#### [Your instructions]
Locate every line in the records below that holds the word "starting" and return each one.

#### [Records supplied]

>>>

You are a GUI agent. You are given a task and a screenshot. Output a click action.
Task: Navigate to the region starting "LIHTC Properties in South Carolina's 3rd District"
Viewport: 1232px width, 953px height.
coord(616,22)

<<<
>>>

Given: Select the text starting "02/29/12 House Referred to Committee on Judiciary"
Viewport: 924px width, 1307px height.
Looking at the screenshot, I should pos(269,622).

<<<

#### [The completed task]
Task: Navigate to the region starting "LIHTC Properties in South Carolina's 3rd District"
Given: Select the text starting "02/29/12 House Referred to Committee on Judiciary"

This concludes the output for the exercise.